# PhotoShop "Lite"?



## ConqSoft (Jul 30, 2004)

Hello.  First post on the site.  New to Mac's.  Just picked up a 14" iBook last week.

I'm a long-time windows user, and for my graphics needs, I use Paint Shop Pro (www.jasc.com).  It has almost all the features of PhotoShop, but at 1/6th the price.  

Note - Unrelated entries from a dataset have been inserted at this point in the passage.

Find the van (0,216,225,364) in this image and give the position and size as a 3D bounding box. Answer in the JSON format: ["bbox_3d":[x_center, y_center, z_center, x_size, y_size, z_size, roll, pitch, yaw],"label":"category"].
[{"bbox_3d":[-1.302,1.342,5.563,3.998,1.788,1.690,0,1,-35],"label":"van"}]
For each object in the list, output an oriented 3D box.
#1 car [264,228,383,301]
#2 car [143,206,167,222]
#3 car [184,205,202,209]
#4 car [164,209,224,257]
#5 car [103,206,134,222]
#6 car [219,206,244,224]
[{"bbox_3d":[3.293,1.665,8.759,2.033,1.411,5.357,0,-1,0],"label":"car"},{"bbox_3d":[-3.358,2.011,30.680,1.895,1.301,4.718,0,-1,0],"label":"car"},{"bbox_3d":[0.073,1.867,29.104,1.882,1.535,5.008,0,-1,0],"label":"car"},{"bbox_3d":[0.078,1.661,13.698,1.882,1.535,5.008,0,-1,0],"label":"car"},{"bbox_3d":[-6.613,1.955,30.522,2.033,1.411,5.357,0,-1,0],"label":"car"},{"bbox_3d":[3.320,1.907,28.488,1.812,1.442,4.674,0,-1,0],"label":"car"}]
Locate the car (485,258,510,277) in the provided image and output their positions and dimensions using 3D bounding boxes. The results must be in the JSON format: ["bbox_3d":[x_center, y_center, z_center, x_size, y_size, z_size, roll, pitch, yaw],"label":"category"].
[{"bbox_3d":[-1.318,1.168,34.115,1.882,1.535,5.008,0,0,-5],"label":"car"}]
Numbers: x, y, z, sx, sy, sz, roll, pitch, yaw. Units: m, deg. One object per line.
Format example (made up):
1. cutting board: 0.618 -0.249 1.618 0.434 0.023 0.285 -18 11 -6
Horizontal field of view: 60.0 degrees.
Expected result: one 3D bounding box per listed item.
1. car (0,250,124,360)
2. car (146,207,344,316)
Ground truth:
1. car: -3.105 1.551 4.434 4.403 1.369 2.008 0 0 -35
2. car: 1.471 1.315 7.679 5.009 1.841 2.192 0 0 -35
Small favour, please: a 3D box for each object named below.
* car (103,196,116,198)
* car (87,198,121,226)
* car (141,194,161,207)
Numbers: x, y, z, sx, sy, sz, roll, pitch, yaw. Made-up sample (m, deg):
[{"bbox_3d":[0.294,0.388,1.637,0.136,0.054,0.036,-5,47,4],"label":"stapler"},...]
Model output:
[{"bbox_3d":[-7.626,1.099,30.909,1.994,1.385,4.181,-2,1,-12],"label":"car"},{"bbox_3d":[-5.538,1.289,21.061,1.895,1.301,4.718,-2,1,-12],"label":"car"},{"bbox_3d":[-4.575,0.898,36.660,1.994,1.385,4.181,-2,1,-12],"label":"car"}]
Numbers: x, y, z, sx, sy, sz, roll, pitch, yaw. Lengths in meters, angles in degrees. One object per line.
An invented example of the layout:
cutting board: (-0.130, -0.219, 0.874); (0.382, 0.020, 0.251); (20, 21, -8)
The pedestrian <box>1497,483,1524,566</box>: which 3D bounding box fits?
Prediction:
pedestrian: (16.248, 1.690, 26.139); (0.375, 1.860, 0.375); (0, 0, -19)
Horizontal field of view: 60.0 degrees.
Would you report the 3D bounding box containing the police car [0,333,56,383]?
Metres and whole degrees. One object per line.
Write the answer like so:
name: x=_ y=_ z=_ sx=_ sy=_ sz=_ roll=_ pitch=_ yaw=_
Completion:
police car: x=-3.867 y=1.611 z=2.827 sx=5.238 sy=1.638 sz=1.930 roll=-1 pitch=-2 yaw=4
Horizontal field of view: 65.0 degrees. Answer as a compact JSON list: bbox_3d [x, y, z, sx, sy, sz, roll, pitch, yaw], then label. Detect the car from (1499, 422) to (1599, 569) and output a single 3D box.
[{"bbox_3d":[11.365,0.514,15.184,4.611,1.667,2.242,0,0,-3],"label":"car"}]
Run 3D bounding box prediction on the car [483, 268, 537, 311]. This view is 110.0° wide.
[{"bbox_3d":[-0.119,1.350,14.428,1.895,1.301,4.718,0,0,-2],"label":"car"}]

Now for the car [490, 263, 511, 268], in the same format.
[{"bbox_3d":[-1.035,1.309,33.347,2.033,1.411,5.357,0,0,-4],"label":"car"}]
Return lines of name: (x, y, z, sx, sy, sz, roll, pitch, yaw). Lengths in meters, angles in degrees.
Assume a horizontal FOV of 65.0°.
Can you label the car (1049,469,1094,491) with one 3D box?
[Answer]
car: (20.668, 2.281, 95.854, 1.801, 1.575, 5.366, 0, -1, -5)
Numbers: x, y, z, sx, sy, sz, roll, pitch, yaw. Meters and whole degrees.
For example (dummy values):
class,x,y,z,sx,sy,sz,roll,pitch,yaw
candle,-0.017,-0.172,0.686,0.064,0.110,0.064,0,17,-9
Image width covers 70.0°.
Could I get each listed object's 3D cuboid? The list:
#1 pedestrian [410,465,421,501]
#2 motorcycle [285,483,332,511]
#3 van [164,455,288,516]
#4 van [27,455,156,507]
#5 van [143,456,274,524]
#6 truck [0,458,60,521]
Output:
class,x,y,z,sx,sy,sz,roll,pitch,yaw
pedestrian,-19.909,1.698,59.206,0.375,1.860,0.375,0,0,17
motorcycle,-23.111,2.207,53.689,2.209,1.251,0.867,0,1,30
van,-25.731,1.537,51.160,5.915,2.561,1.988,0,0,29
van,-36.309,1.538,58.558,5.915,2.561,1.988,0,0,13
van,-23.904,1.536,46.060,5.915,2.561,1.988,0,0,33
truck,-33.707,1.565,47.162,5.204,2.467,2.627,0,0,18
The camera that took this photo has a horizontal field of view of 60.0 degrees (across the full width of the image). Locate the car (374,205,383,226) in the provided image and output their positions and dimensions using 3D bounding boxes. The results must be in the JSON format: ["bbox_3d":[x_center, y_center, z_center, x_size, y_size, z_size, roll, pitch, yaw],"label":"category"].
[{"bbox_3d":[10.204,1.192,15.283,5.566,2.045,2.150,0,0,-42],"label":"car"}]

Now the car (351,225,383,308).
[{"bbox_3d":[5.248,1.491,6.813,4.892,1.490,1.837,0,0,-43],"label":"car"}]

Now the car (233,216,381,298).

Is there anything similar for OSX?  I just do basic editing/cropping/resizing/text overlays for the most part.

Thanks


----------



## chevy (Jul 30, 2004)

PhotoShop Elements maybe ?
http://www.adobe.com/products/photoshopel/main.html


----------



## bobw (Jul 30, 2004)

GraphicConverter;

http://www.versiontracker.com/dyn/moreinfo/macosx/11559


----------



## chevy (Jul 30, 2004)

End when you will master the Mac... try The Gimp !


----------



## ConqSoft (Jul 30, 2004)

chevy said:
			
		

> PhotoShop Elements maybe ?
> http://www.adobe.com/products/photoshopel/main.html



Yep!  Looks like that will do it.  Dunno how I overlooked that on Adobe's site.    

Thanks


----------



## chevy (Jul 30, 2004)

That's probably the software you will prefer as a Mac beginners: it looks really like its Windows counterpart.
Later, you will probably use GraphicConverter that is the most powerful software to generate any kind of format (shareware of incredible quality).
The Gimp is for you if you need something with more functionalities, but this requires that you use the UNIX face of Mac. or maybe by the time you need it, it will be completely ported to MacOS-X.


----------



## Natobasso (Jul 31, 2004)

Conqsoft, welcome to the board! I am sure you will find a great bunch of people here, and most of the time when you have a problem it darn well gets answered! 

Keep on postin, and enjoy the mac.


----------